廖亞凡看著二寶略顯驚恐地看著一臉兇相的趙大姐,嘴裡含混不清地啊啊叫著,忍不住從廚房裡跑出來。
「是不是出什麼事了?」
「沒事!」趙大姐沒好氣地說,「就是有事,你個小屁孩子也幫不上忙!」
廖亞凡委屈地噘起嘴巴。
晚飯過後周老師才回來,手裡還抱著一個先天唇裂的孩子。新成員的加入讓天使堂很是熱鬧了一陣,大家手忙腳亂地給他安排床鋪,換尿布,洗澡,衝奶粉,然後幾個孩子看著他躺在小床上,吮著手指沉沉睡去。
周老師把孩子安置好後,笑呵呵地去了廚房,趙大姐隨後跟了進去。廖亞凡去廚房拿開水的時候,廚房裡煙霧繚繞,吃了一半的飯菜冷在桌上,周老師吸著煙,和趙大姐相對而坐。
見她進來,兩個人都不說話了,周老師衝廖亞凡笑笑,趙大姐壓根連眼皮都沒抬。
廖亞凡拎起暖水瓶,出門的時候有意在門口停了一下。他們說話的聲音很低,只聽到周老師說:「……這件事先別跟孩子們說……我會想辦法的……」
什麼事讓他們這樣憂心忡忡?廖亞凡忽然覺得渾身沒了力氣,照顧新成員的那股興奮勁兒一下子無影無蹤。
邊平把楊錦程博士對魯旭的治療情況向公安廳領導做了彙報,領導聽了很感興趣,恰逢全省正在搞科技強警活動,於是廳裡指示有關部門將楊錦程博士聘為心理輔導專家,並尋找合適時機舉辦心理輔導講座。

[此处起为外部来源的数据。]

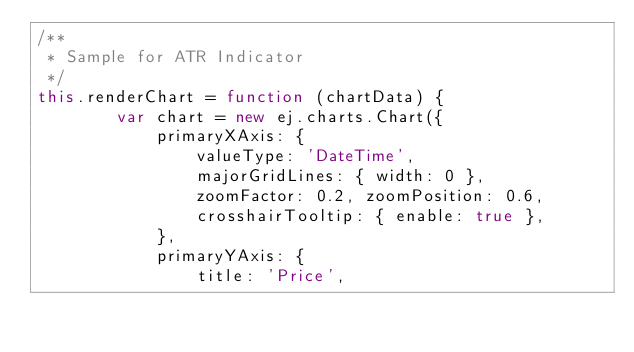Convert code to text. <code><loc_0><loc_0><loc_500><loc_500><_JavaScript_>/**
 * Sample for ATR Indicator
 */
this.renderChart = function (chartData) {
        var chart = new ej.charts.Chart({
            primaryXAxis: {
                valueType: 'DateTime',
                majorGridLines: { width: 0 },
                zoomFactor: 0.2, zoomPosition: 0.6,
                crosshairTooltip: { enable: true },
            },
            primaryYAxis: {
                title: 'Price',</code> 
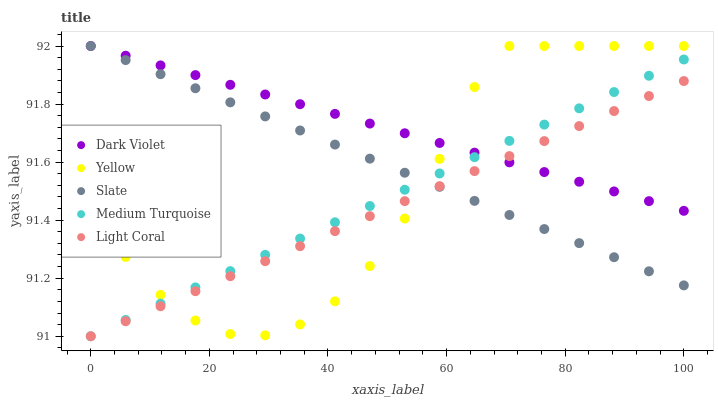Does Light Coral have the minimum area under the curve?
Answer yes or no. Yes. Does Dark Violet have the maximum area under the curve?
Answer yes or no. Yes. Does Slate have the minimum area under the curve?
Answer yes or no. No. Does Slate have the maximum area under the curve?
Answer yes or no. No. Is Slate the smoothest?
Answer yes or no. Yes. Is Yellow the roughest?
Answer yes or no. Yes. Is Yellow the smoothest?
Answer yes or no. No. Is Slate the roughest?
Answer yes or no. No. Does Light Coral have the lowest value?
Answer yes or no. Yes. Does Slate have the lowest value?
Answer yes or no. No. Does Dark Violet have the highest value?
Answer yes or no. Yes. Does Medium Turquoise have the highest value?
Answer yes or no. No. Does Light Coral intersect Medium Turquoise?
Answer yes or no. Yes. Is Light Coral less than Medium Turquoise?
Answer yes or no. No. Is Light Coral greater than Medium Turquoise?
Answer yes or no. No. 
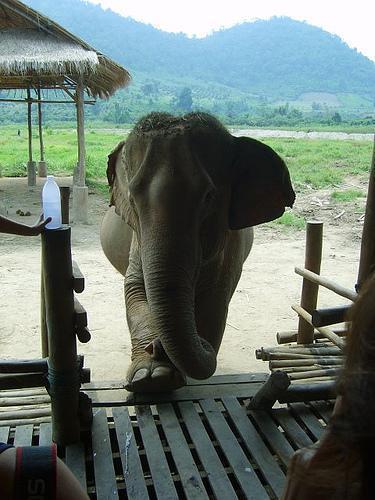How many people are wearing yellow shirt?
Give a very brief answer. 0. 
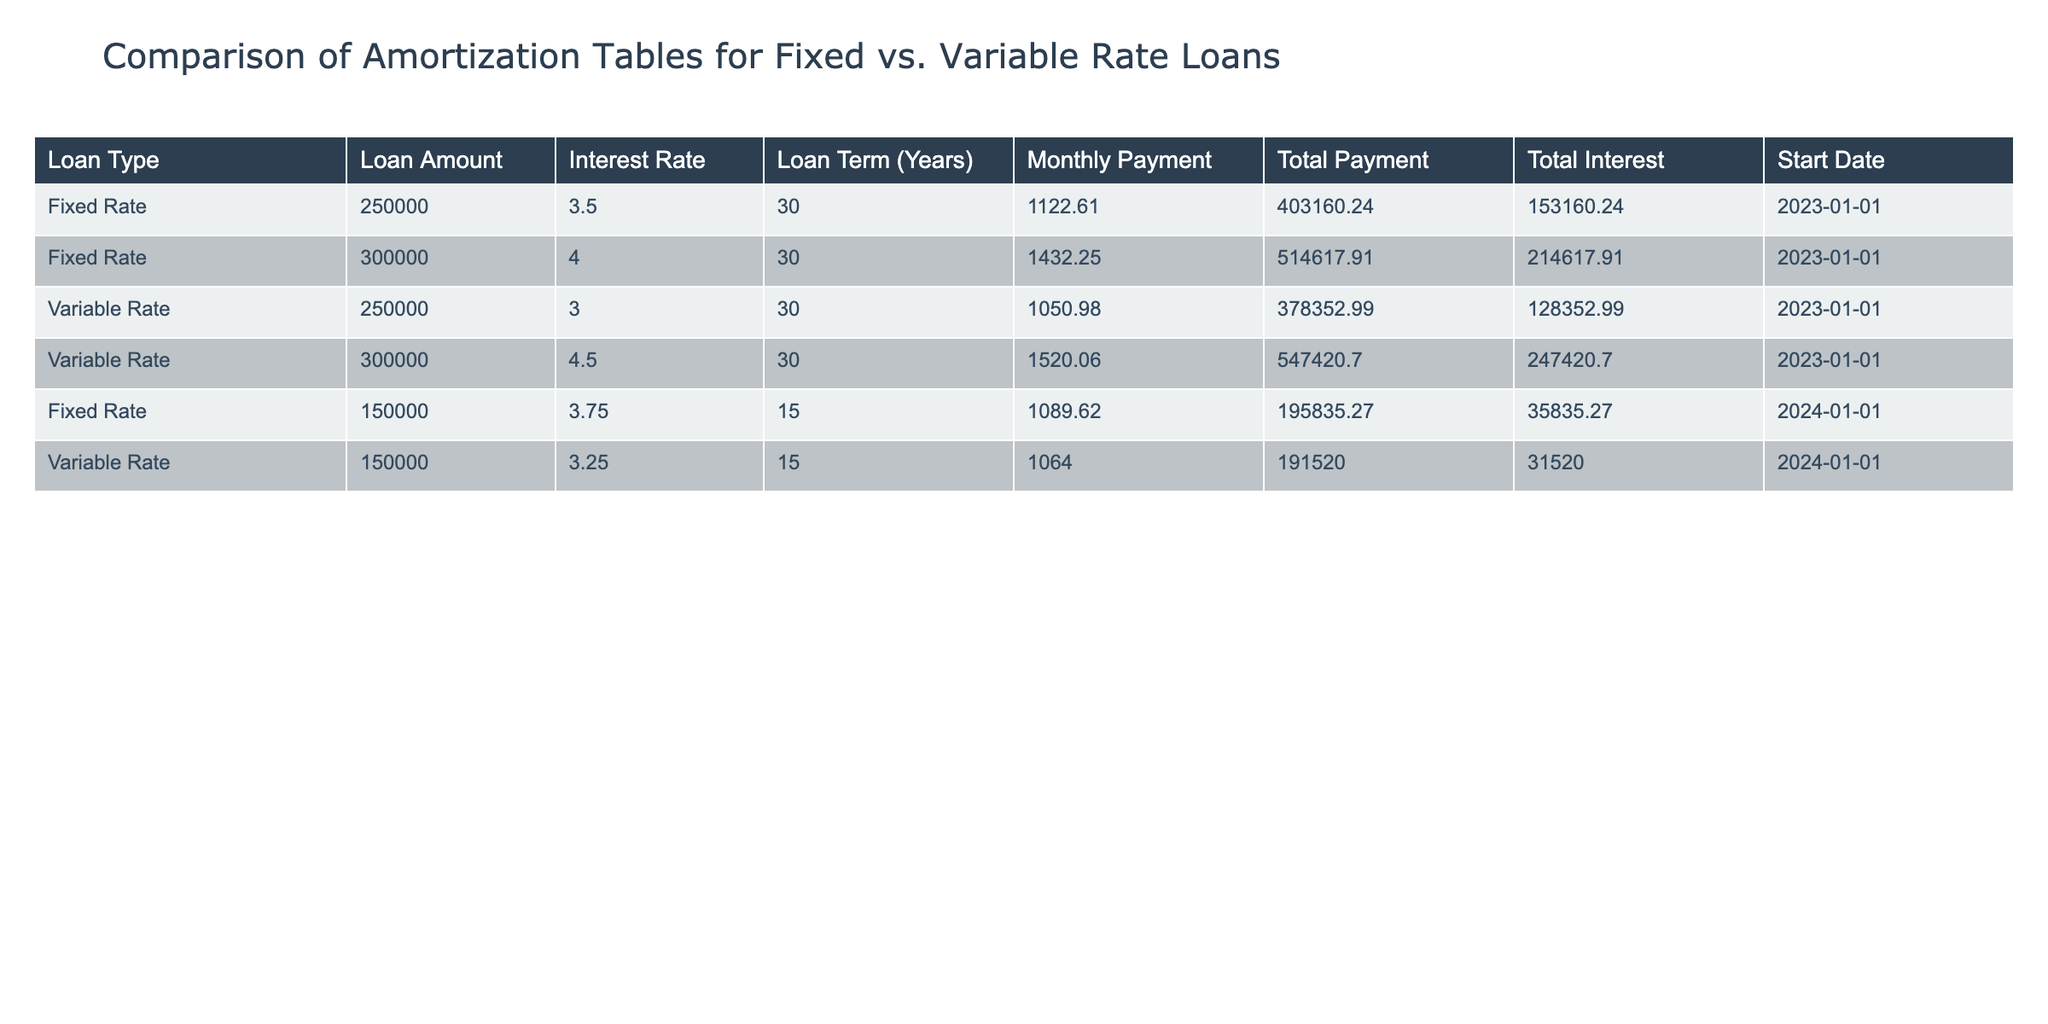What is the total payment for the Fixed Rate loan of 250,000? According to the table, the total payment for the Fixed Rate loan of 250,000 is listed as 403,160.24.
Answer: 403,160.24 Which loan type has the highest total interest? By examining the total interest column for both loan types, we find that the Variable Rate loan of 300,000 has a total interest of 247,420.70, which is greater than all other loans listed.
Answer: Variable Rate What is the difference in monthly payments between the Fixed Rate loan of 300,000 and the Variable Rate loan of 300,000? The monthly payment for the Fixed Rate loan of 300,000 is 1,432.25, while the Variable Rate loan of 300,000 has a monthly payment of 1,520.06. The difference is calculated as 1,520.06 - 1,432.25 = 87.81.
Answer: 87.81 Is the total interest for the Fixed Rate loan of 150,000 greater than that of its Variable Rate counterpart? The total interest for the Fixed Rate loan of 150,000 is 35,835.27, while for the Variable Rate loan of 150,000 it is 31,520.00. Since 35,835.27 is greater than 31,520.00, the statement is true.
Answer: Yes What is the average monthly payment for all loans listed? To find the average monthly payment, we sum all monthly payments: (1,122.61 + 1,432.25 + 1,050.98 + 1,520.06 + 1,089.62 + 1,064.00) = 6,779.52. There are 6 loans, so the average is 6,779.52 / 6 = 1,129.92.
Answer: 1,129.92

邊平和方木去研究所給楊錦程送聘書,助理陳哲告知楊主任正在接待來訪者。
「要不要我去通報一聲?」
「不用不用。」邊平急忙說:「別打擾他,我們等一會就行。」
陳哲把他們帶到二樓休息室,又送了兩杯礦泉水就離開了。
休息室寬敞明亮,座椅寬大又舒適,方木摸摸價值不菲的實木桌面,對邊平說:「楊博士這裡條件不錯啊。」
「那是自然,」邊平舒舒服服地靠在椅背上,「這是省政府出資的科研機構,每年得到的社會捐助也不少。」
正說著話,又有兩個人被工作人員帶了進來,邊平一看見他們,「咦」地一聲坐直了身子。
那是一箇中年婦女,領著一個七八歲的小男孩,看起來是一對母子。媽媽顯然也認出了邊平,身子竟不由自主地哆嗦了一下,帶著孩子坐到了房間的遠端。
「怎麼,認識?」方木有些奇怪。
「當然認識。」邊平悄聲對方木說:「福士瑪超市殺人案還記得吧?那孩子就是第一個發現屍體的人。」
「哦?」方木一驚,不由得扭頭去看那孩子。
孩子臉色蠟黃,形容憔悴,和瘦小的身軀相比,座椅顯得寬大無比。他安靜地坐著,眼睛停留在面前的桌面上,一動不動。